Aurélien Sauvageot
Aurélien Sauvageot (1897–1988) was a French linguist. He was specialised in Finno-Ugric languages.
Aurélien Sauvageot | |
---|---|
Born | 13 April 1897 Constantinople |
Died | 5 December 1988 (aged 91) Aix-en-Provence |
Alma mater | |
Occupation | Linguist, professor |
Biography
Sauvageot was born in Constantinople, as his father was an engineer working in the service of the Ottoman Sultan.
In 1918, Sauvageot was admitted at the École Normale Supérieure and started studying Germanic languages. Sauvageot's teachers, most prominent among them Antoine Meillet, pushed him towards finno-ugric linguistics as the professorship for it was vacant since philologist Robert Gauthiot had been killed in the First World War. Sauvageot traveled to Uppsala in Sweden where he started learning Finnish, then moved to Finland in June 1919, and stayed there until October.
In 1923, he moved to Hungary to teach French at the Eötvös József Collegium in Budapest.

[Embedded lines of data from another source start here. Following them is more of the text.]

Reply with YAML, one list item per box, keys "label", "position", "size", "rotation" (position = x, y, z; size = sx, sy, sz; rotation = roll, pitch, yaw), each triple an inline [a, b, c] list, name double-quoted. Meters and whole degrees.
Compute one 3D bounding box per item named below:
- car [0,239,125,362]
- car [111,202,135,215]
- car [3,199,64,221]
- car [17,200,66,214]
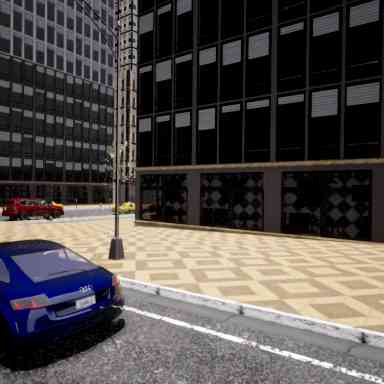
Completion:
- label: "car"
  position: [-3.195, 1.561, 5.944]
  size: [4.181, 1.385, 1.994]
  rotation: [0, 0, 34]
- label: "car"
  position: [-7.036, 1.830, 38.390]
  size: [1.752, 1.417, 4.829]
  rotation: [1, 0, 36]
- label: "car"
  position: [-13.799, 1.520, 29.153]
  size: [2.192, 1.841, 5.009]
  rotation: [1, 0, 36]
- label: "car"
  position: [-17.332, 1.643, 38.515]
  size: [1.752, 1.417, 4.829]
  rotation: [1, 0, 36]
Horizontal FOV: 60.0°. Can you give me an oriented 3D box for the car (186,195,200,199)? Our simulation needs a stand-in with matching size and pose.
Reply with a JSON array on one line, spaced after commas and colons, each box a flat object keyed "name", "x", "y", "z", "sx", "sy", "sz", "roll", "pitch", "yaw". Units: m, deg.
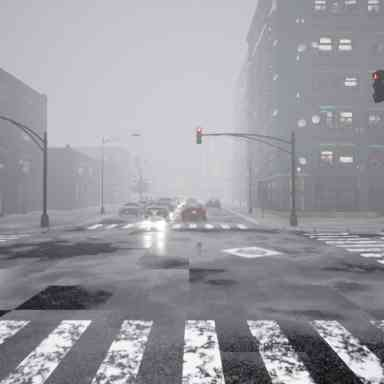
[{"name": "car", "x": 0.011, "y": 1.492, "z": 59.426, "sx": 1.882, "sy": 1.535, "sz": 5.008, "roll": 0, "pitch": 0, "yaw": 0}]

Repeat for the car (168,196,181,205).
[{"name": "car", "x": -3.042, "y": 1.492, "z": 58.345, "sx": 1.882, "sy": 1.535, "sz": 5.008, "roll": 0, "pitch": 0, "yaw": 1}]

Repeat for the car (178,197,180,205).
[{"name": "car", "x": -3.083, "y": 1.537, "z": 47.919, "sx": 1.812, "sy": 1.442, "sz": 4.674, "roll": 0, "pitch": 0, "yaw": 0}]

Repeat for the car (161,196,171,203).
[{"name": "car", "x": -5.664, "y": 1.600, "z": 71.559, "sx": 1.802, "sy": 1.307, "sz": 4.206, "roll": 1, "pitch": 0, "yaw": 0}]

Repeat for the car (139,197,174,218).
[{"name": "car", "x": -3.092, "y": 1.499, "z": 29.905, "sx": 2.128, "sy": 1.511, "sz": 4.902, "roll": 0, "pitch": 0, "yaw": 0}]

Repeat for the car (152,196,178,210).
[{"name": "car", "x": -3.089, "y": 1.361, "z": 38.924, "sx": 2.097, "sy": 1.767, "sz": 4.553, "roll": 0, "pitch": 0, "yaw": 0}]

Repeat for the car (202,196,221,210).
[{"name": "car", "x": 2.714, "y": 1.450, "z": 43.185, "sx": 1.967, "sy": 1.590, "sz": 4.097, "roll": 1, "pitch": 0, "yaw": 0}]

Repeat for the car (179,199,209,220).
[{"name": "car", "x": 0.154, "y": 1.571, "z": 28.392, "sx": 1.994, "sy": 1.385, "sz": 4.181, "roll": 0, "pitch": 0, "yaw": -1}]

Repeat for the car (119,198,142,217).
[{"name": "car", "x": -5.747, "y": 1.552, "z": 31.757, "sx": 1.887, "sy": 1.381, "sz": 4.507, "roll": 1, "pitch": 0, "yaw": 0}]
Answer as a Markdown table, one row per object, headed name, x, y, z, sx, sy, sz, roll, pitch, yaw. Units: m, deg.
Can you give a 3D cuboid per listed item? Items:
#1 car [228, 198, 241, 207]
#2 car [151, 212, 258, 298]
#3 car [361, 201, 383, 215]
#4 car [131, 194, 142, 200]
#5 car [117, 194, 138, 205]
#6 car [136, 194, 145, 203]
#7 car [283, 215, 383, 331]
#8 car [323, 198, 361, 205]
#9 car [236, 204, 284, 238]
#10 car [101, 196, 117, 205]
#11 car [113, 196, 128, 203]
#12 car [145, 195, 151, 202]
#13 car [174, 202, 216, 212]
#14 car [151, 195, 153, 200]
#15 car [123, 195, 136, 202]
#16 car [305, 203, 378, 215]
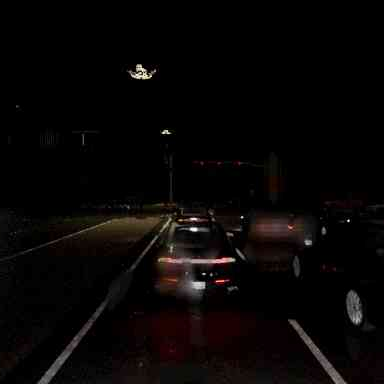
| name | x | y | z | sx | sy | sz | roll | pitch | yaw |
| --- | --- | --- | --- | --- | --- | --- | --- | --- | --- |
| car | 6.611 | 1.601 | 52.233 | 1.895 | 1.301 | 4.718 | 0 | 0 | 2 |
| car | 0.091 | 1.491 | 8.495 | 2.128 | 1.511 | 4.902 | 0 | 0 | 0 |
| car | 19.929 | 1.526 | 33.250 | 4.674 | 1.442 | 1.812 | 0 | 0 | 0 |
| car | -15.072 | 1.348 | 90.753 | 2.097 | 1.767 | 4.553 | 0 | 0 | 0 |
| car | -11.656 | 1.564 | 60.224 | 1.994 | 1.385 | 4.181 | 0 | 0 | 1 |
| car | -11.569 | 1.500 | 69.046 | 1.837 | 1.490 | 4.892 | 0 | 0 | 0 |
| car | 3.593 | 1.478 | 6.890 | 1.882 | 1.535 | 5.008 | 0 | 0 | 0 |
| car | 19.783 | 1.477 | 43.763 | 5.008 | 1.535 | 1.882 | 0 | 0 | 1 |
| car | 3.586 | 1.547 | 16.510 | 2.033 | 1.411 | 5.357 | 0 | 0 | 0 |
| car | -15.116 | 1.477 | 60.706 | 1.882 | 1.535 | 5.008 | 0 | 0 | 0 |
| car | -15.071 | 1.540 | 70.484 | 2.033 | 1.411 | 5.357 | 0 | 0 | 0 |
| car | -11.580 | 1.524 | 79.316 | 1.812 | 1.442 | 4.674 | 0 | 0 | 0 |
| car | 0.084 | 1.505 | 17.916 | 1.837 | 1.490 | 4.892 | 0 | 0 | 0 |
| car | -11.581 | 1.524 | 89.723 | 2.128 | 1.511 | 4.902 | 0 | 0 | 0 |
| car | -15.081 | 1.525 | 80.587 | 2.128 | 1.511 | 4.902 | 0 | 0 | 0 |
| car | 7.084 | 1.505 | 16.975 | 1.837 | 1.490 | 4.892 | 0 | 0 | 0 |
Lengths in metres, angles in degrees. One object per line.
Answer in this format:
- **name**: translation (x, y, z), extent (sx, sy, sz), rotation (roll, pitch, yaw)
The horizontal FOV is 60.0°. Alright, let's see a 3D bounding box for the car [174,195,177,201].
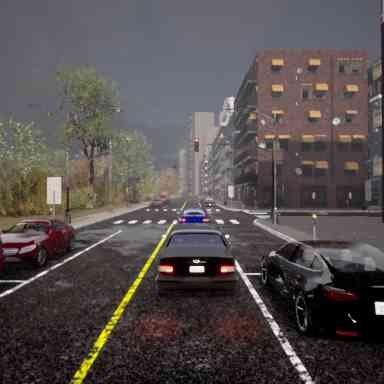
- **car**: translation (-5.249, 1.609, 83.528), extent (2.008, 1.369, 4.403), rotation (1, 0, 0)

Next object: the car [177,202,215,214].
- **car**: translation (0.121, 1.530, 18.574), extent (1.812, 1.442, 4.674), rotation (0, 0, 0)

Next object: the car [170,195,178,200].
- **car**: translation (-5.241, 1.626, 94.881), extent (2.008, 1.369, 4.403), rotation (1, 0, 0)

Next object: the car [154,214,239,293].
- **car**: translation (0.106, 1.550, 8.984), extent (2.033, 1.411, 5.357), rotation (0, 0, 0)

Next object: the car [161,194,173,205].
- **car**: translation (-5.262, 1.347, 60.824), extent (2.192, 1.841, 5.009), rotation (1, 0, 0)

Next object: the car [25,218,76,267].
- **car**: translation (-5.299, 1.585, 11.357), extent (1.802, 1.307, 4.206), rotation (1, 0, 0)

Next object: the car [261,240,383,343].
- **car**: translation (2.578, 1.567, 6.453), extent (1.947, 1.339, 4.313), rotation (1, 0, 0)

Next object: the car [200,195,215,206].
- **car**: translation (2.608, 1.574, 50.270), extent (2.008, 1.369, 4.403), rotation (1, 0, 0)

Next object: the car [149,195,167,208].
- **car**: translation (-5.272, 1.567, 49.472), extent (1.887, 1.381, 4.507), rotation (1, 0, 0)

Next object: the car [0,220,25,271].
- **car**: translation (-5.301, 1.316, 5.702), extent (2.192, 1.841, 5.009), rotation (1, 0, 0)

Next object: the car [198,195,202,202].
- **car**: translation (2.620, 1.621, 67.319), extent (1.802, 1.307, 4.206), rotation (1, 0, 0)

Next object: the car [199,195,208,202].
- **car**: translation (2.629, 1.492, 78.686), extent (1.967, 1.590, 4.097), rotation (1, 0, 0)

He remained there until 1929, then moved back to France and completed his doctoral thesis on the lexicon of Uralo-Altaic languages,[N 1] and a complementary thesis on Gothic articles.
In 1931, Sauvageot inaugurated the professorship for finno-ugric languages at the École française des Langues Orientales.

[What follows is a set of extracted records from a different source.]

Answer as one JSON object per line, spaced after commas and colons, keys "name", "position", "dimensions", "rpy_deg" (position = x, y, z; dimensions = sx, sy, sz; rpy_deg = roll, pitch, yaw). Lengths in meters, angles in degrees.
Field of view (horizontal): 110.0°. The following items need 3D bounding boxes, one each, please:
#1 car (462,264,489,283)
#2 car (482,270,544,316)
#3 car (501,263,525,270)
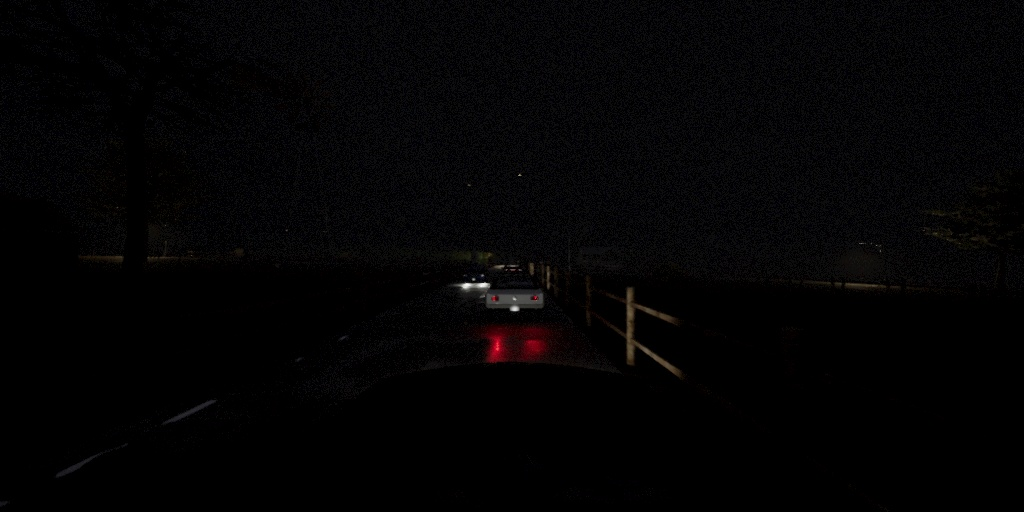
{"name": "car", "position": [-2.850, 1.382, 29.339], "dimensions": [2.033, 1.411, 5.357], "rpy_deg": [0, 0, 0]}
{"name": "car", "position": [0.092, 1.366, 13.422], "dimensions": [1.895, 1.301, 4.718], "rpy_deg": [0, 0, 0]}
{"name": "car", "position": [0.091, 1.332, 30.214], "dimensions": [2.128, 1.511, 4.902], "rpy_deg": [0, 0, 0]}
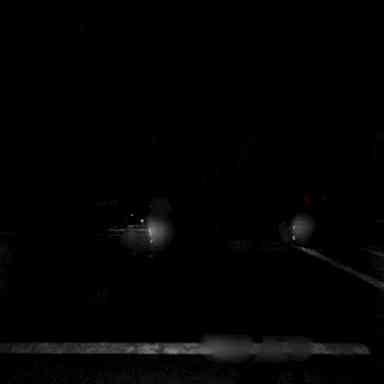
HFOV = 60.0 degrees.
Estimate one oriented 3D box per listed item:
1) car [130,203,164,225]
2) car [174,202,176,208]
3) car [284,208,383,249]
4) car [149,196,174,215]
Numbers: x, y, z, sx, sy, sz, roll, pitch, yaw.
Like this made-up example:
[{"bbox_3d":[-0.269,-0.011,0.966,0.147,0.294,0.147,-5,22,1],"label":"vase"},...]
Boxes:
[{"bbox_3d":[-3.585,1.778,26.145,1.895,1.301,4.718,0,0,0],"label":"car"},{"bbox_3d":[-3.550,1.947,51.272,1.895,1.301,4.718,0,0,0],"label":"car"},{"bbox_3d":[6.393,1.465,14.416,4.553,1.767,2.097,0,-1,6],"label":"car"},{"bbox_3d":[-3.572,1.480,37.859,2.150,2.045,5.566,0,-1,0],"label":"car"}]
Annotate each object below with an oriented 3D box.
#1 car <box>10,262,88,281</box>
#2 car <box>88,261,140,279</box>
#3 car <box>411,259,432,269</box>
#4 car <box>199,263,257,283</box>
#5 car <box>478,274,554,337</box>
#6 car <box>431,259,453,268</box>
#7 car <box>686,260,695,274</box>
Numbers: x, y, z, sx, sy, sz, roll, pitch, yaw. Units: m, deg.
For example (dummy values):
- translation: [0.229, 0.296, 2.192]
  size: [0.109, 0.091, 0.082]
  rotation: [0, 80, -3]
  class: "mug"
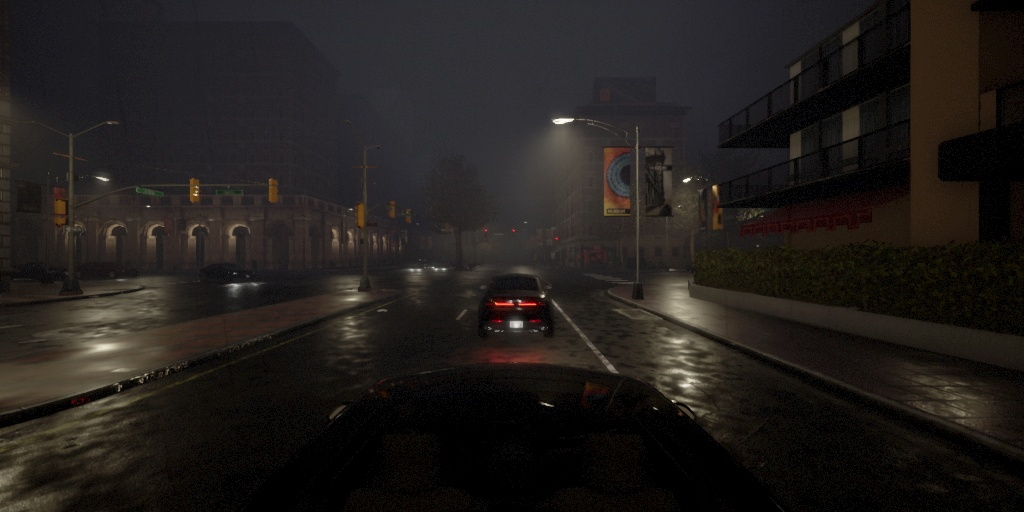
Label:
- translation: [-38.007, 1.241, 28.850]
  size: [4.902, 1.511, 2.128]
  rotation: [0, 0, 0]
  class: "car"
- translation: [-36.677, 1.228, 32.351]
  size: [5.008, 1.535, 1.882]
  rotation: [0, 0, 0]
  class: "car"
- translation: [-14.862, 1.241, 57.928]
  size: [2.128, 1.511, 4.902]
  rotation: [0, 0, 0]
  class: "car"
- translation: [-21.963, 1.275, 27.663]
  size: [4.674, 1.442, 1.812]
  rotation: [0, -1, 20]
  class: "car"
- translation: [0.109, 1.255, 10.304]
  size: [1.837, 1.490, 4.892]
  rotation: [0, 0, 0]
  class: "car"
- translation: [-11.357, 1.314, 58.700]
  size: [1.994, 1.385, 4.181]
  rotation: [0, 0, 0]
  class: "car"
- translation: [21.863, 1.351, 39.565]
  size: [4.718, 1.301, 1.895]
  rotation: [0, 0, 0]
  class: "car"
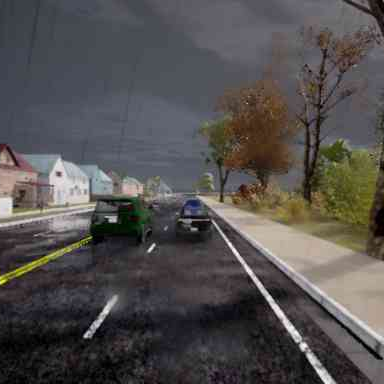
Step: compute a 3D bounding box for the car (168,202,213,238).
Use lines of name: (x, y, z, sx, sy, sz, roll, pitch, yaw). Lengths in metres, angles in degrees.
car: (0.098, 1.499, 17.676, 2.128, 1.511, 4.902, 0, 0, 0)

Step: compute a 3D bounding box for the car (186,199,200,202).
car: (0.100, 1.501, 36.126, 1.882, 1.535, 5.008, 0, 0, 0)

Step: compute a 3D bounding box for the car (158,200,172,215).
car: (-3.151, 1.513, 34.325, 2.128, 1.511, 4.902, 0, 0, 0)

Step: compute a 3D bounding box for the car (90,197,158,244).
car: (-3.150, 1.228, 15.926, 2.150, 2.045, 5.566, 0, 0, 0)
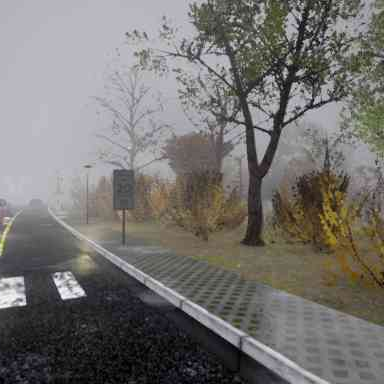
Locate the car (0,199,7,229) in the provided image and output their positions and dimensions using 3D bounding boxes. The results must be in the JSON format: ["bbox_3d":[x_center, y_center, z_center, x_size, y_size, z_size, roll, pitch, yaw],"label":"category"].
[{"bbox_3d":[-13.561,1.268,21.673,2.150,2.045,5.566,0,-1,-27],"label":"car"}]

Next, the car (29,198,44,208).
[{"bbox_3d":[-25.163,1.734,53.811,1.882,1.535,5.008,0,0,-23],"label":"car"}]

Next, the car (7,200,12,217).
[{"bbox_3d":[-18.612,1.463,32.032,2.097,1.767,4.553,0,0,-25],"label":"car"}]

In 1932 and 1937, he published, along with József Balassa and Marcel Benedek the first Hungarian-French and French-Hungarian dictionary.

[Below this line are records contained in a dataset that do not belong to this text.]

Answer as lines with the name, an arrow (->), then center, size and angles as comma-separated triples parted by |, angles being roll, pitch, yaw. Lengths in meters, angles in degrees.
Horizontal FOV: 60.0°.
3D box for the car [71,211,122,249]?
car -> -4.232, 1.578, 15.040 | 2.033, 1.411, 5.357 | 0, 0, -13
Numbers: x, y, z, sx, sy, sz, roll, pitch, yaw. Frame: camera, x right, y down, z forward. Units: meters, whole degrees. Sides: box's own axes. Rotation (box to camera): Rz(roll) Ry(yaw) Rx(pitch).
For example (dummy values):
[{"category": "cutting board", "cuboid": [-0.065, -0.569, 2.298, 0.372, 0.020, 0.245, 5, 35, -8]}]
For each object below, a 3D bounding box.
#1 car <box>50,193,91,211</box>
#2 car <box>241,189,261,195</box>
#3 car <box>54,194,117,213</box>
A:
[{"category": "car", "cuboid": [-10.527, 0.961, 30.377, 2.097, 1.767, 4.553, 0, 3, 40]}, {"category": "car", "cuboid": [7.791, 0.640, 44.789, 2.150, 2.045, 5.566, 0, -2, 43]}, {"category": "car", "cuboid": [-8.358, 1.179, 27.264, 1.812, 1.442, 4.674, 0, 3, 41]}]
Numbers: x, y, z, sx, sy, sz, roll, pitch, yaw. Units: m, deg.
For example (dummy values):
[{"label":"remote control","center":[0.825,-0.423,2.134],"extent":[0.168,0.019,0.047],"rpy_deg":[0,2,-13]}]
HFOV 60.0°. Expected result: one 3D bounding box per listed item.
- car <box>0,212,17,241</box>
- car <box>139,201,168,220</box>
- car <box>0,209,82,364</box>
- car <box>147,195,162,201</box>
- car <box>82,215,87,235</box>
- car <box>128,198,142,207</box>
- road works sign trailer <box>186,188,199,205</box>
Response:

Although Sauvageot retired in 1967, he remained actively involved in the activities of both the Société de Linguistique de Paris and the Cercle linguistique d'Aix en Provence, until his death in 1988.
Notes
- The Uralo-Altaic family was a hypothesis about a relationship between the Uralic and the Altaic languages. With the latter family discredited, the hypothesis is now obsolete
References
- Perrot, Jean (2009). "La carrière et l'oeuvre d'Aurélien Sauvageot" (PDF). Études Finno-Ougriennes (41).